**Input material**
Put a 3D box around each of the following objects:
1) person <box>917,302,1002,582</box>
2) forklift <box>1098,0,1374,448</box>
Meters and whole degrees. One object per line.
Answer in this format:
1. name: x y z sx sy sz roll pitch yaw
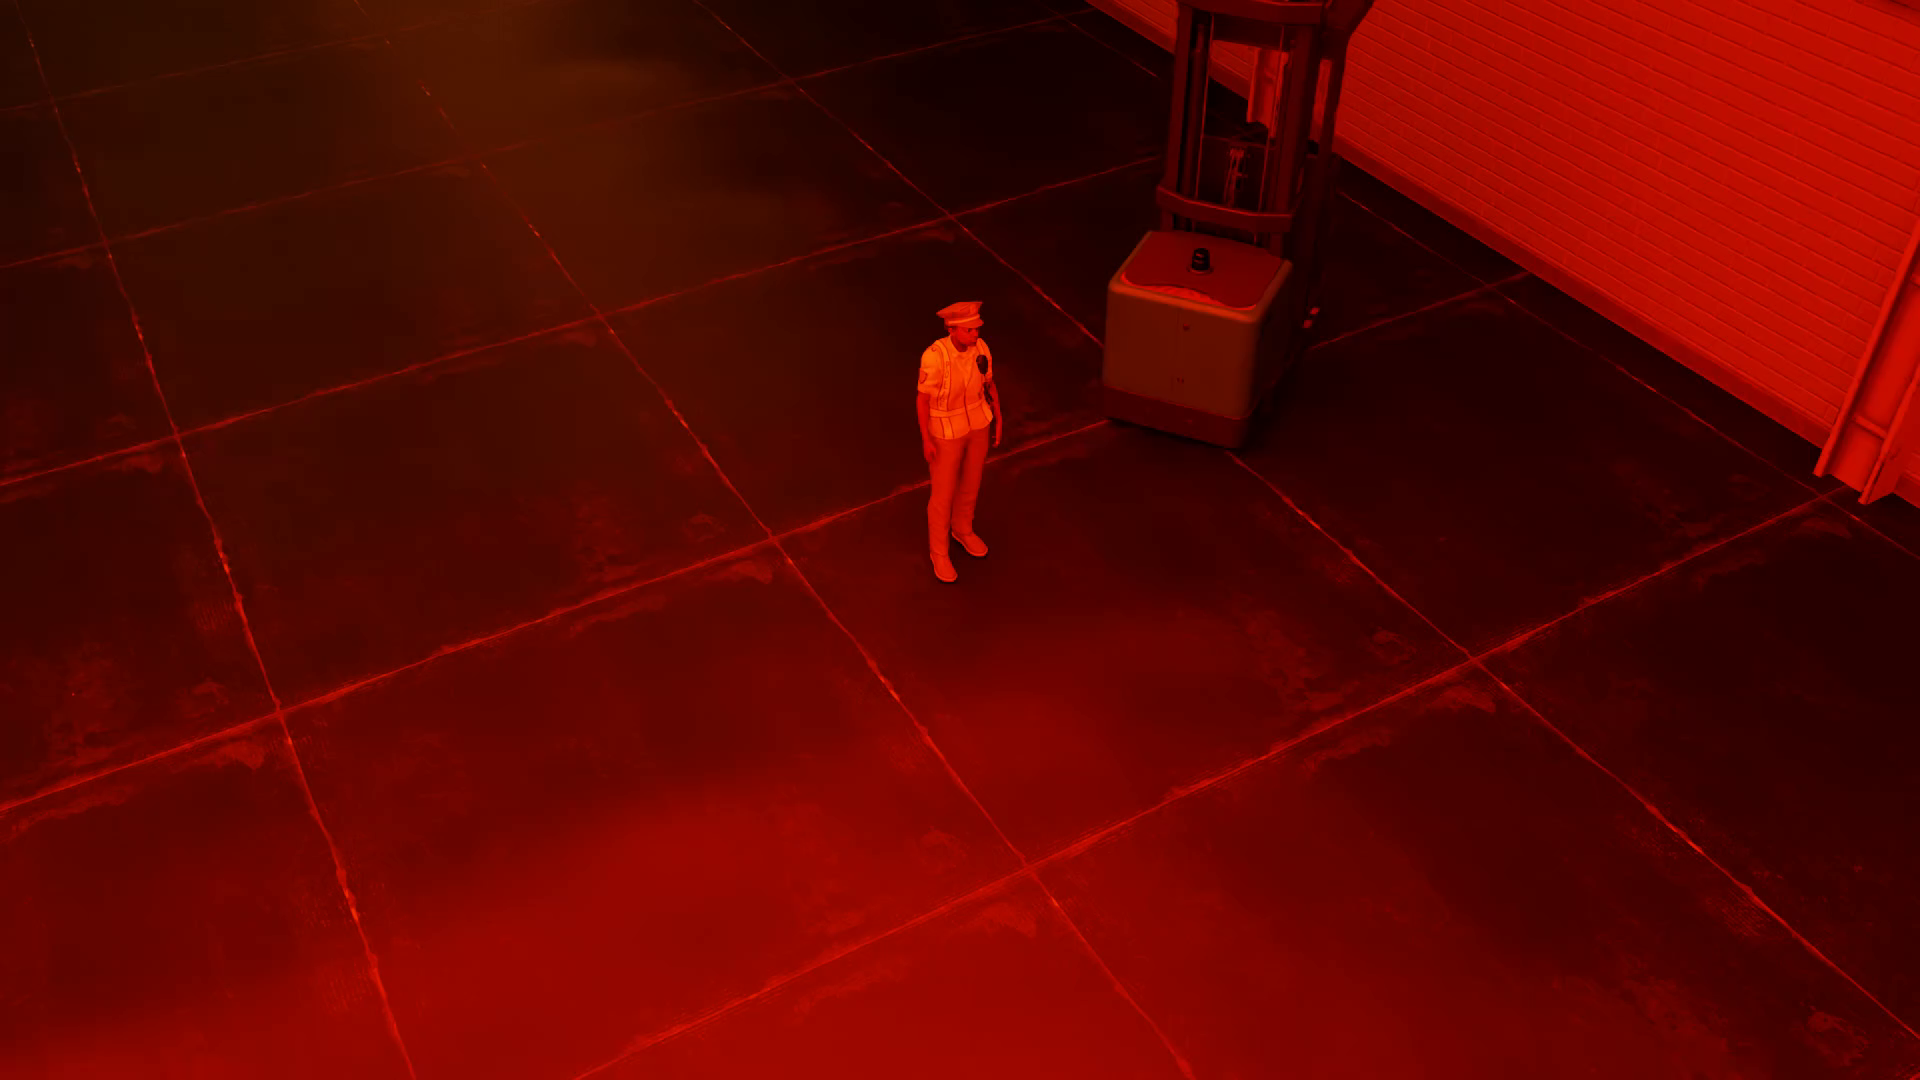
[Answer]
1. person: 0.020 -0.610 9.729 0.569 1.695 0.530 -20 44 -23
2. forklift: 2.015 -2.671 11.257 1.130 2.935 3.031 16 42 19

==

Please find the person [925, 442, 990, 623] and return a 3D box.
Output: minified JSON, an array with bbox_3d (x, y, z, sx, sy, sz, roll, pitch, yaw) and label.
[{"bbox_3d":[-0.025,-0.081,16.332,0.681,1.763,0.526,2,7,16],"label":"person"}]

--

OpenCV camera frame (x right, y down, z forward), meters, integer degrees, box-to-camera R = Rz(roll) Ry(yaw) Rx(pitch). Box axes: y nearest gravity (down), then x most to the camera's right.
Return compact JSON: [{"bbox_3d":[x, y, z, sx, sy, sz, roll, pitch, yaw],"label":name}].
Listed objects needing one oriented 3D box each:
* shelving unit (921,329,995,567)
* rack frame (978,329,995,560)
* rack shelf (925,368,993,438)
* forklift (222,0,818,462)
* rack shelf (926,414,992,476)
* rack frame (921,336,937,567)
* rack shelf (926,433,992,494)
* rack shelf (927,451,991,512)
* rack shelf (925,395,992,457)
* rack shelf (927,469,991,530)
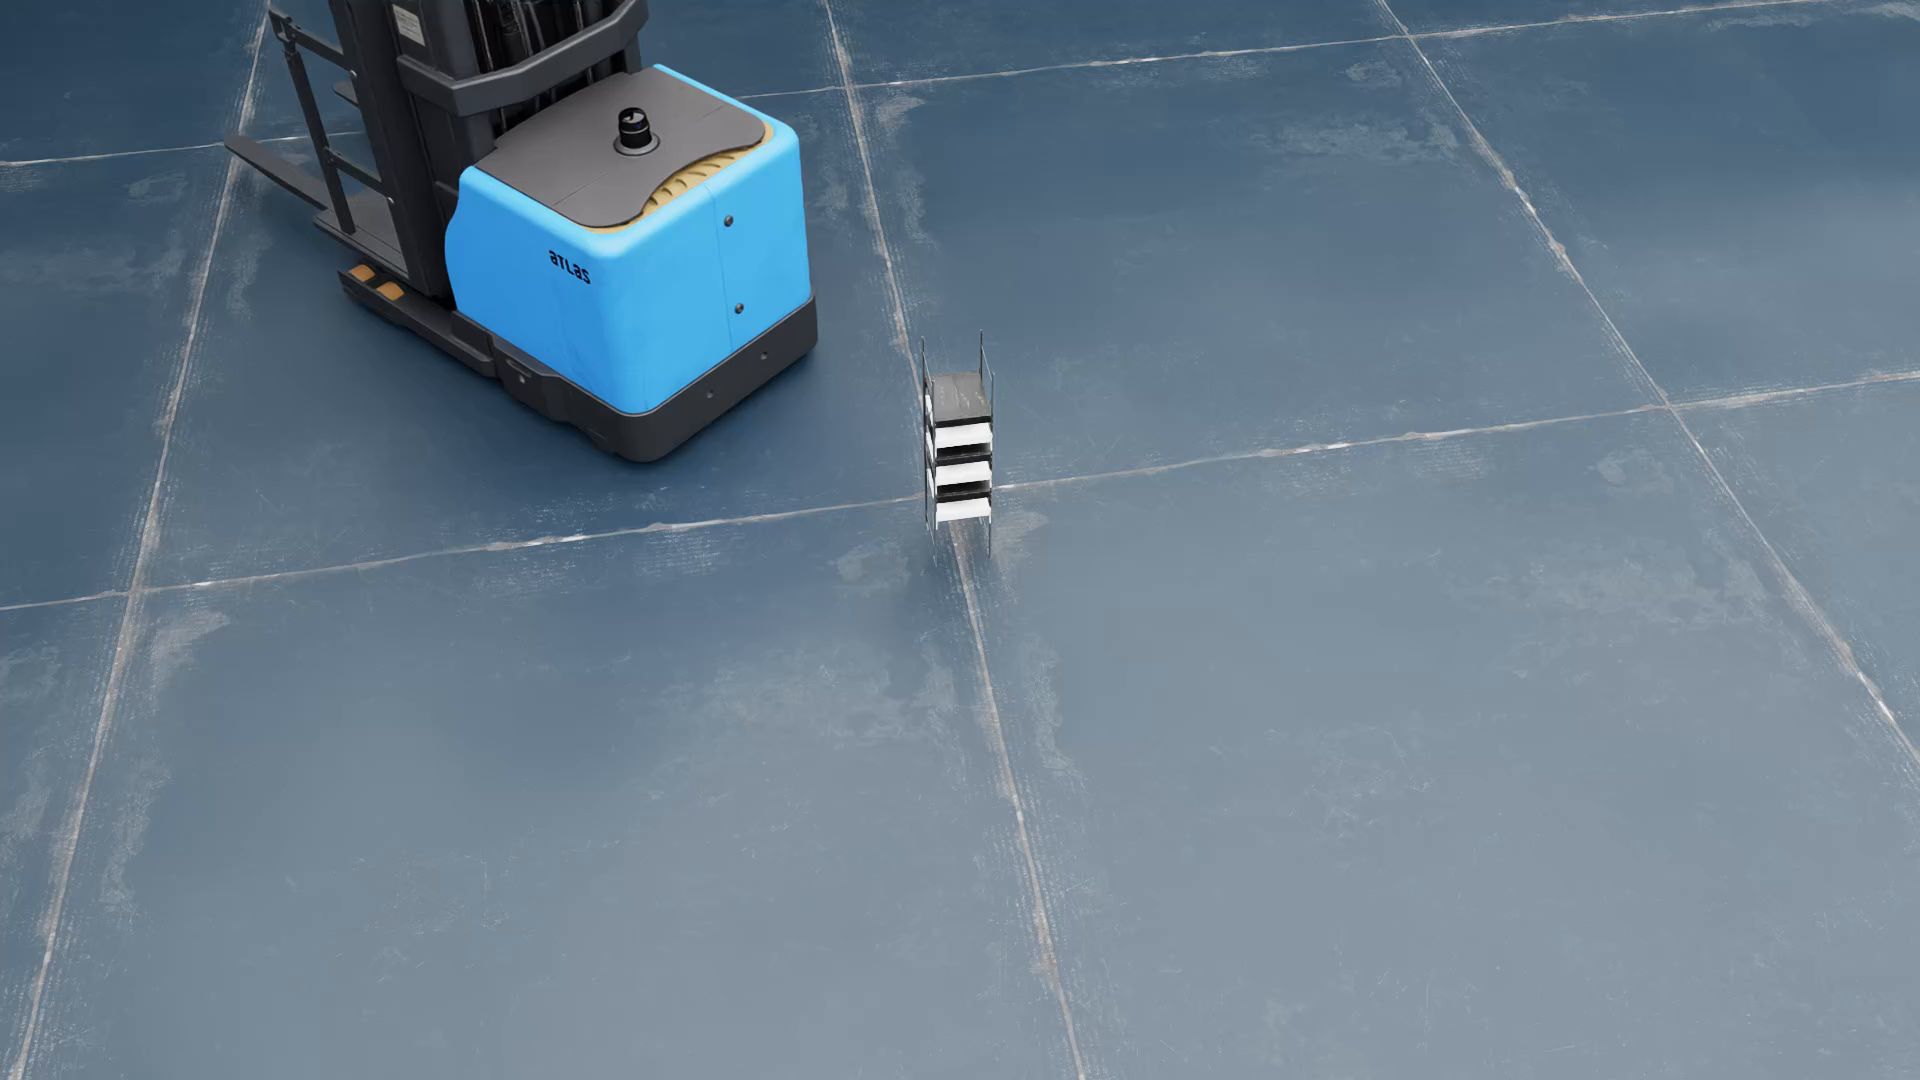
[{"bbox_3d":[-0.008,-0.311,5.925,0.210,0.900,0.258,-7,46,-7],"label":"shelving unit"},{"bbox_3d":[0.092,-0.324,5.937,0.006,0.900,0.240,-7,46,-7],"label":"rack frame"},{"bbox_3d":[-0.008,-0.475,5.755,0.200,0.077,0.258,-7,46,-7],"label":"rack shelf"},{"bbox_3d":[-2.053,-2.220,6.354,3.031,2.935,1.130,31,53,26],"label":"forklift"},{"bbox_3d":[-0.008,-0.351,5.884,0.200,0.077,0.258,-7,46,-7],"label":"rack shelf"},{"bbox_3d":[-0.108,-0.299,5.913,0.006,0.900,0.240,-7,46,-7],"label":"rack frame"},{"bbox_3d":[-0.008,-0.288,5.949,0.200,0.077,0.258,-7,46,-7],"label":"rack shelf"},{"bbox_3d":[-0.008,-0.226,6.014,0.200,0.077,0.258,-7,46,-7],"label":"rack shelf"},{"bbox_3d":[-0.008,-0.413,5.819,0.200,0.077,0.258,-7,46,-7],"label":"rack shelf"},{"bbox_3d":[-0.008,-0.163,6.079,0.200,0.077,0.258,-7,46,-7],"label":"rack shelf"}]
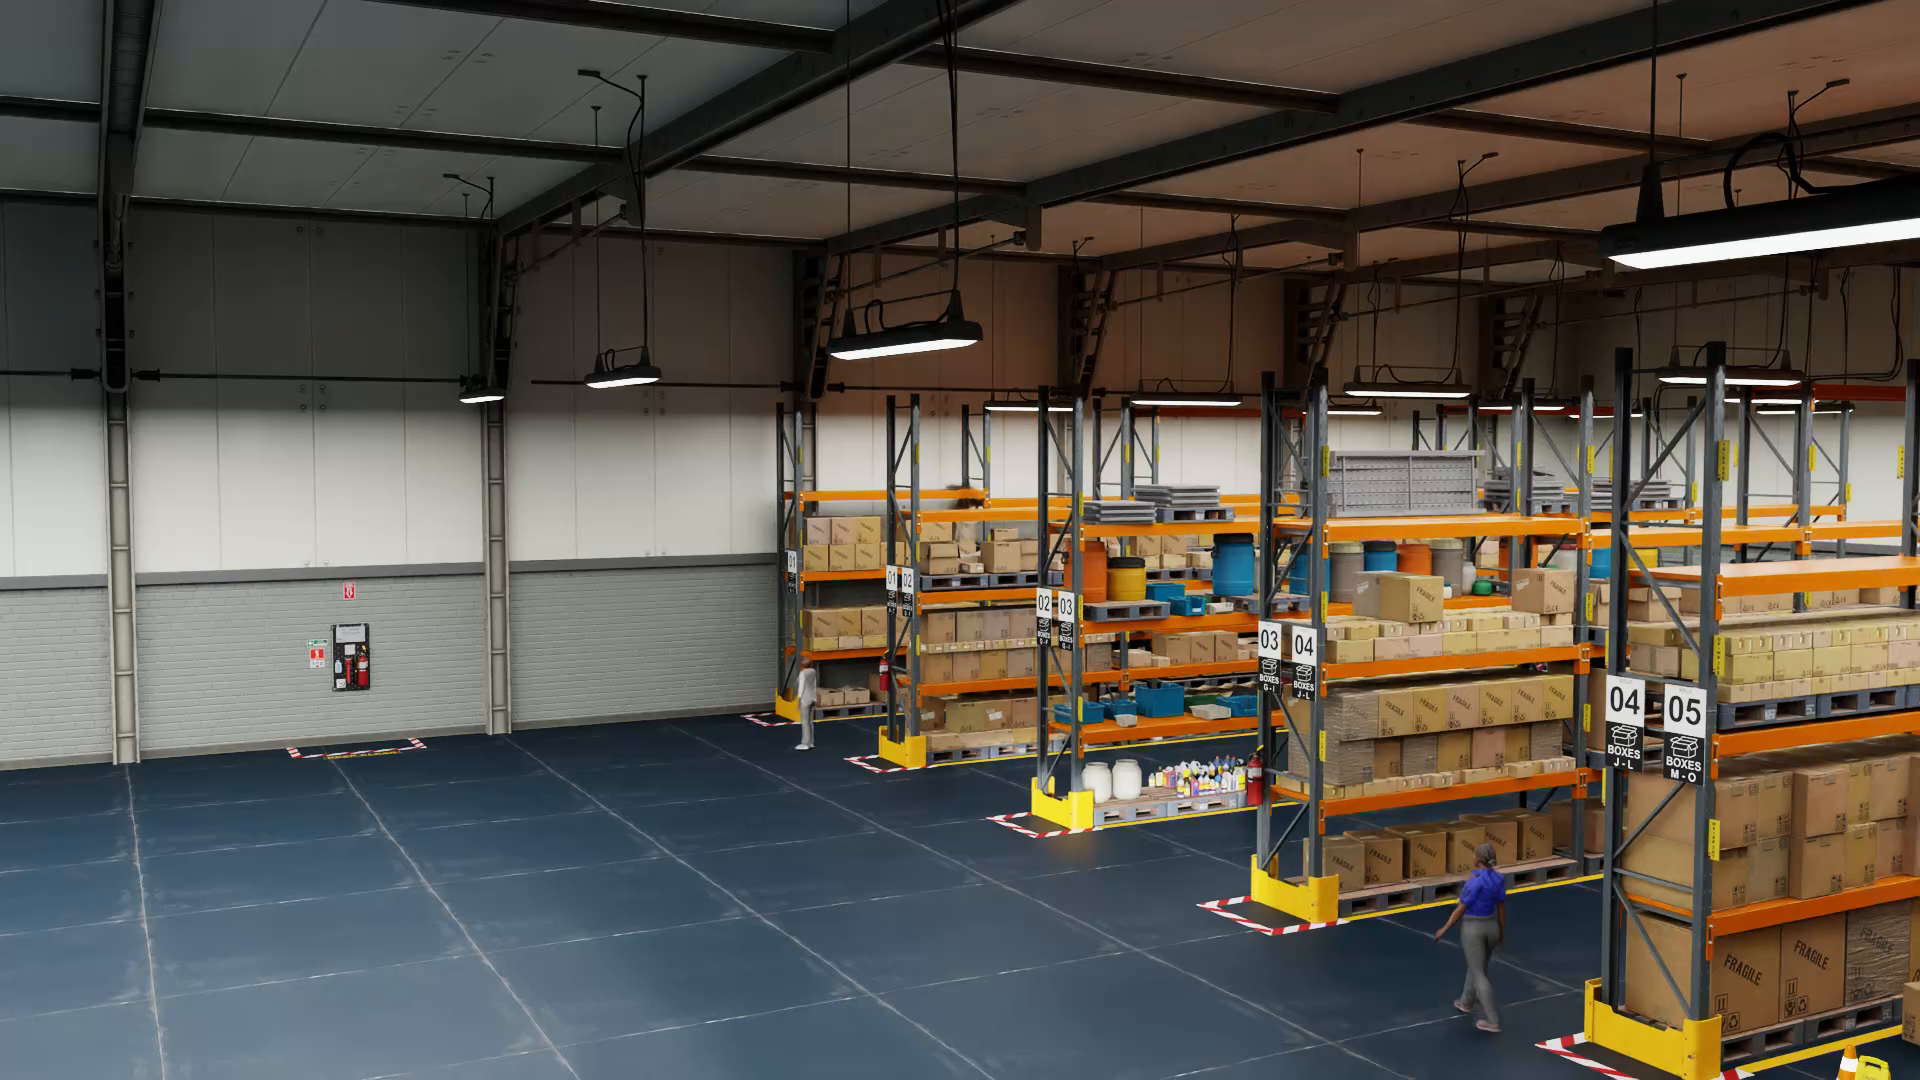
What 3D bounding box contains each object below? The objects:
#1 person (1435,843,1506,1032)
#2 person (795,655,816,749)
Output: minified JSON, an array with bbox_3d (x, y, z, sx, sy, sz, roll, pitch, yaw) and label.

**Problem statement**
Copy the lines above exactly. Start with the line containing "rack shelf (927,451,991,512)", end with the line containing "rack shelf (925,395,992,457)", and include both.

**Response to this exercise**
* rack shelf (927,451,991,512)
* rack shelf (925,395,992,457)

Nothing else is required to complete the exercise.